◆ WHAT THE TASK REQUIRES:
The entries below contain a line with "- traffic sign (590,472,598,517)" and a line with "- traffic sign (375,459,403,539)". Retype exactly everything from the first down to the second, both included, and nothing else.

◆ DATA SECTION:

--- START ---

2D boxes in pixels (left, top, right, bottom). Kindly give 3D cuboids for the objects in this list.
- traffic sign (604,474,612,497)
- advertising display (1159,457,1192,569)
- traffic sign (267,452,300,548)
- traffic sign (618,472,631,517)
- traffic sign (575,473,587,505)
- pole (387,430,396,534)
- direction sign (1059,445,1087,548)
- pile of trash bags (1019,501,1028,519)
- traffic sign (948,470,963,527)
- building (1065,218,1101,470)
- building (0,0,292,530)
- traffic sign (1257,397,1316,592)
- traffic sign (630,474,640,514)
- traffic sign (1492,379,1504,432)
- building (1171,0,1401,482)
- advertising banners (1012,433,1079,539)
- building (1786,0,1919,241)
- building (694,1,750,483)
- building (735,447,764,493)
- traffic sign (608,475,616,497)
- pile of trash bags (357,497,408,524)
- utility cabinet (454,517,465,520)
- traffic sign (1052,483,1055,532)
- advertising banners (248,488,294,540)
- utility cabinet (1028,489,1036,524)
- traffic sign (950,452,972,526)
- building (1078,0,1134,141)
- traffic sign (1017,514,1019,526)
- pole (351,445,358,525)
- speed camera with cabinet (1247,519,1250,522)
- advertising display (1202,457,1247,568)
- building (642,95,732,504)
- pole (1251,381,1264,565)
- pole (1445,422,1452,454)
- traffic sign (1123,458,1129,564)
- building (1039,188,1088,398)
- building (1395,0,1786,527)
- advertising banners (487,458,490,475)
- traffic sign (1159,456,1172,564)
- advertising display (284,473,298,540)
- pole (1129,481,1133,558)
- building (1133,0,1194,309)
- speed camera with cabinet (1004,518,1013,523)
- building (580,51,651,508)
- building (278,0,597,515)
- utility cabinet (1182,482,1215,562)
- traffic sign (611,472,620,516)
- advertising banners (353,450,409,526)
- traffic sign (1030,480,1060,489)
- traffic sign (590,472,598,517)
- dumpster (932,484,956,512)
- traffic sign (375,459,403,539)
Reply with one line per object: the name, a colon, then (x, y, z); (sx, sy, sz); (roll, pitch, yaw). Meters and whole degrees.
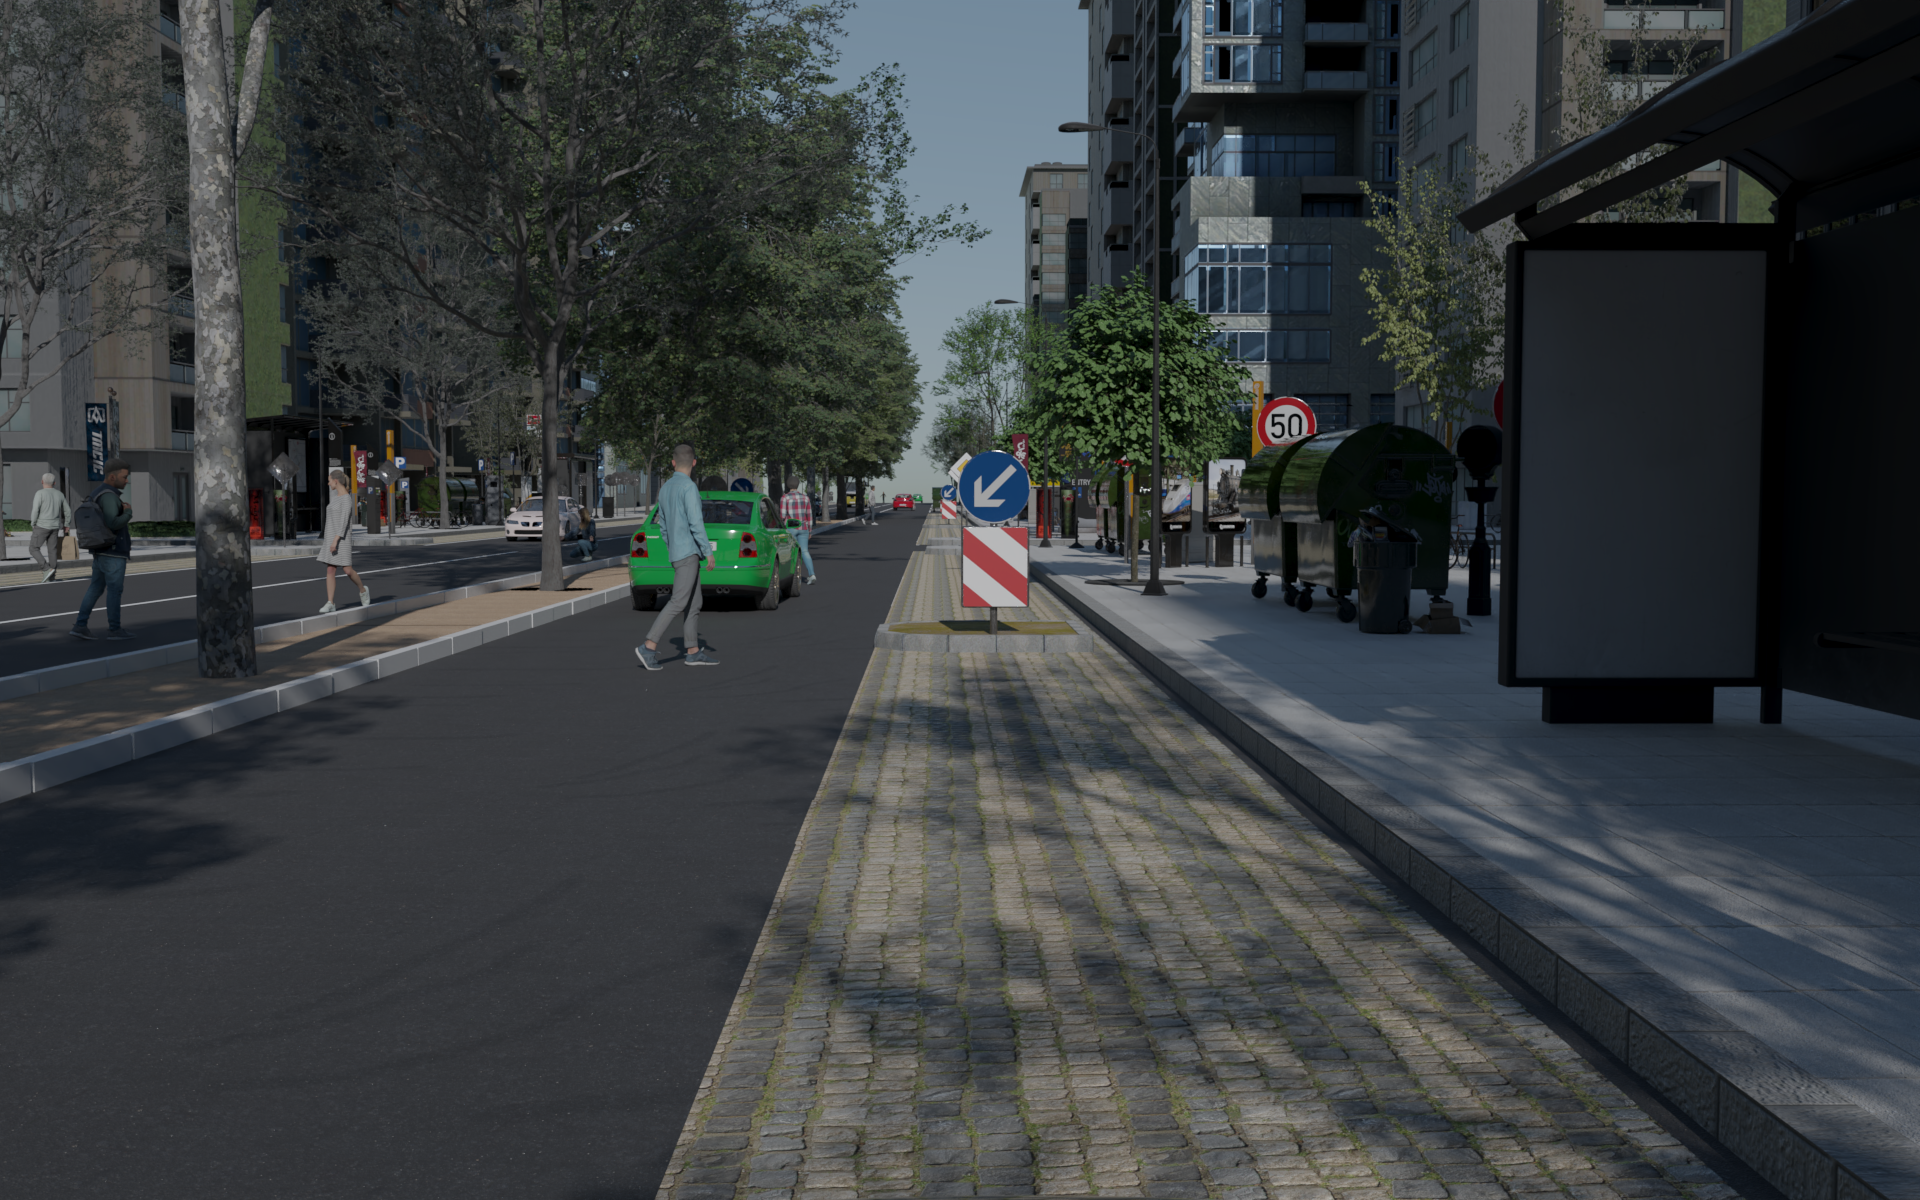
traffic sign: (-22.480, -6.799, 111.275); (0.768, 2.556, 0.104); (0, 4, 3)
advertising display: (3.718, -1.522, 30.106); (0.123, 1.923, 0.974); (3, 5, 41)
traffic sign: (-16.186, -2.313, 41.459); (0.795, 2.450, 0.064); (0, 4, -1)
traffic sign: (-18.989, -5.988, 98.010); (0.768, 2.556, 0.104); (0, 4, 3)
traffic sign: (-18.503, -5.041, 84.558); (0.606, 2.300, 0.079); (0, 4, 2)
pole: (-18.208, -3.766, 55.416); (0.158, 3.312, 0.155); (0, 3, 0)
direction sign: (2.773, -3.002, 41.078); (0.876, 3.537, 0.379); (1, 4, 20)
pile of trash bags: (3.774, -4.854, 89.118); (1.912, 1.369, 3.447); (-1, 4, -19)
traffic sign: (0.047, -2.814, 49.647); (0.795, 2.450, 0.064); (0, 4, -1)
building: (17.949, -25.159, 183.047); (14.160, 30.474, 14.107); (0, 4, -1)
building: (-35.313, -23.370, 65.691); (14.154, 41.232, 14.086); (0, 4, -1)
traffic sign: (4.274, -1.384, 22.736); (0.768, 2.556, 0.104); (1, 4, 8)
traffic sign: (-20.885, -6.790, 111.130); (0.768, 2.556, 0.104); (0, 4, 3)
traffic sign: (5.722, -1.061, 17.457); (0.768, 2.556, 0.104); (0, 3, 0)
building: (21.231, -48.337, 102.979); (22.319, 86.520, 31.000); (0, 4, -1)
advertising banners: (2.442, -3.275, 49.738); (2.074, 3.025, 0.090); (2, 4, 24)
building: (20.910, -13.727, 17.939); (14.314, 27.812, 24.014); (0, 4, -1)
building: (-42.010, -50.028, 256.205); (20.563, 71.187, 20.611); (0, 4, -1)
building: (-39.017, -36.166, 274.902); (14.154, 41.232, 14.086); (0, 4, -1)
traffic sign: (-22.198, -6.780, 110.959); (0.768, 2.556, 0.104); (0, 4, 3)
pile of trash bags: (-25.189, -3.915, 73.769); (3.447, 1.369, 1.912); (0, 4, 7)
utility cabinet: (-24.736, -4.544, 85.454); (0.306, 1.237, 1.020); (-3, 5, -44)
traffic sign: (3.178, -3.599, 58.954); (0.768, 2.556, 0.104); (1, 4, 9)
advertising banners: (-19.652, -3.188, 48.306); (2.074, 3.025, 0.090); (0, 4, 1)
utility cabinet: (3.436, -3.981, 73.761); (1.173, 1.500, 0.318); (3, 5, 41)
traffic sign: (0.157, -2.325, 41.663); (0.795, 2.450, 0.064); (0, 4, -1)
building: (26.348, -34.977, 161.111); (28.713, 52.752, 27.495); (0, 4, -1)
traffic sign: (1.928, -3.495, 57.155); (0.884, 2.594, 0.081); (0, 4, 6)
pole: (-25.348, -4.810, 72.480); (0.158, 3.312, 0.155); (0, 3, 0)
speed camera with cabinet: (12.749, -4.990, 75.917); (0.660, 3.252, 2.038); (0, 4, 2)
advertising display: (4.638, -1.536, 30.333); (0.974, 1.923, 0.123); (-3, 4, -37)
building: (-42.978, -42.215, 232.211); (21.231, 58.520, 28.212); (0, 4, -1)
pole: (5.381, -2.293, 31.340); (0.158, 3.312, 0.155); (0, 3, 0)
pole: (13.793, -3.370, 48.950); (0.158, 3.312, 0.155); (0, 3, 0)
traffic sign: (3.070, -1.942, 31.864); (0.768, 2.556, 0.104); (0, 4, 8)
building: (17.613, -33.654, 233.830); (14.154, 41.232, 14.086); (0, 4, -1)
building: (26.131, -23.548, 68.601); (14.086, 41.232, 14.154); (0, 4, -1)
advertising banners: (-22.812, -5.409, 84.625); (0.090, 3.025, 2.074); (0, 4, 1)
traffic sign: (3.668, -1.930, 31.663); (0.768, 2.556, 0.104); (0, 4, 1)
advertising display: (-18.957, -2.681, 49.054); (0.123, 1.923, 0.974); (-2, 4, -35)
pole: (3.432, -2.503, 34.775); (0.158, 3.312, 0.155); (0, 3, 0)
building: (22.850, -42.706, 136.490); (20.563, 71.187, 20.611); (0, 4, -1)
speed camera with cabinet: (2.189, -5.147, 78.487); (0.660, 3.252, 2.038); (1, 4, 23)
building: (-42.015, -52.254, 167.021); (22.319, 86.520, 31.000); (0, 4, -1)
building: (-41.771, -29.590, 138.418); (22.147, 44.769, 28.867); (0, 4, -1)
utility cabinet: (4.442, -1.453, 32.443); (0.318, 1.500, 1.173); (3, 5, 40)
traffic sign: (-19.733, -6.086, 99.614); (0.768, 2.556, 0.104); (0, 4, 7)
advertising banners: (-23.329, -4.501, 69.774); (2.074, 3.025, 0.090); (-1, 4, -14)
traffic sign: (3.577, -4.182, 62.255); (2.265, 3.308, 0.079); (0, 4, 8)
traffic sign: (-20.459, -5.864, 95.982); (0.768, 2.556, 0.104); (0, 4, 4)
dumpster: (-1.258, -8.101, 137.408); (1.985, 2.255, 1.502); (0, 4, -2)
traffic sign: (-16.296, -2.801, 49.444); (0.795, 2.450, 0.064); (0, 4, -1)

--- END ---

◆ WRITTEN SOLUTION:
- traffic sign (590,472,598,517)
- dumpster (932,484,956,512)
- traffic sign (375,459,403,539)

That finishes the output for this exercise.